_WHAT TO WORK ON:_ Only one span of the listing below is wanted: the lines from the one with "- pomegranate" through the one with "- toy train [446, 0, 490, 35]", reproduced exactly, both ends kept.

_SUPPLIED MATERIAL:_
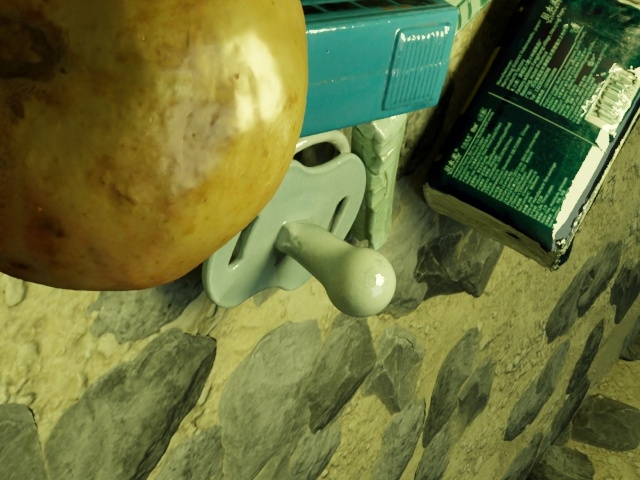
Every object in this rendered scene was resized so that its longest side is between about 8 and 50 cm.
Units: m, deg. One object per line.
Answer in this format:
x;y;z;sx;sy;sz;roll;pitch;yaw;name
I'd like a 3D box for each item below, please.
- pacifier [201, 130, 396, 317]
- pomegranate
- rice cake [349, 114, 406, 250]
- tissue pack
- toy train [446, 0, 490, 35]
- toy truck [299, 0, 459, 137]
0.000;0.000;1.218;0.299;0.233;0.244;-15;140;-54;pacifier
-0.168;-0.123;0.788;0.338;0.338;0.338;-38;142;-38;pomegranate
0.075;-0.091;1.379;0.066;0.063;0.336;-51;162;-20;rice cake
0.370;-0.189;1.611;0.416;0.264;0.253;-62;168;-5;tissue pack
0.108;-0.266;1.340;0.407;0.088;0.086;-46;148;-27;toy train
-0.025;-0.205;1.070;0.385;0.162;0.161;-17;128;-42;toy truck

...

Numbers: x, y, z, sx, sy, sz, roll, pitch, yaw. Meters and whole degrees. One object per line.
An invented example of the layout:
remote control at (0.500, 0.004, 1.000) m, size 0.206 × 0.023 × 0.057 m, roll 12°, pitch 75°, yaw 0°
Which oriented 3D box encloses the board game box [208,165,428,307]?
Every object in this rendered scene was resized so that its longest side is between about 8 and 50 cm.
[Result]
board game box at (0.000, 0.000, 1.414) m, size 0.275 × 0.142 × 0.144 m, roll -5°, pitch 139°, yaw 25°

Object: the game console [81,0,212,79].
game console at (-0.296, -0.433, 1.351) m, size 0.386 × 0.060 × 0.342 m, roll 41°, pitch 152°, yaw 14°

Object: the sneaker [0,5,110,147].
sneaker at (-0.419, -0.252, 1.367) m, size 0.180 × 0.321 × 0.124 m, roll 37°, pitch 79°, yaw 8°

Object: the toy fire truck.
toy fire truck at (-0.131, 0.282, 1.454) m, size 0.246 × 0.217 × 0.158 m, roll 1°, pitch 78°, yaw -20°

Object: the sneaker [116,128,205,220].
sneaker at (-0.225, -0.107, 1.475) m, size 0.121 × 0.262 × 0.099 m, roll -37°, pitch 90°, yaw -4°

_COMPLETED EXERCISE:_
- pomegranate
- rice cake [349, 114, 406, 250]
- tissue pack
- toy train [446, 0, 490, 35]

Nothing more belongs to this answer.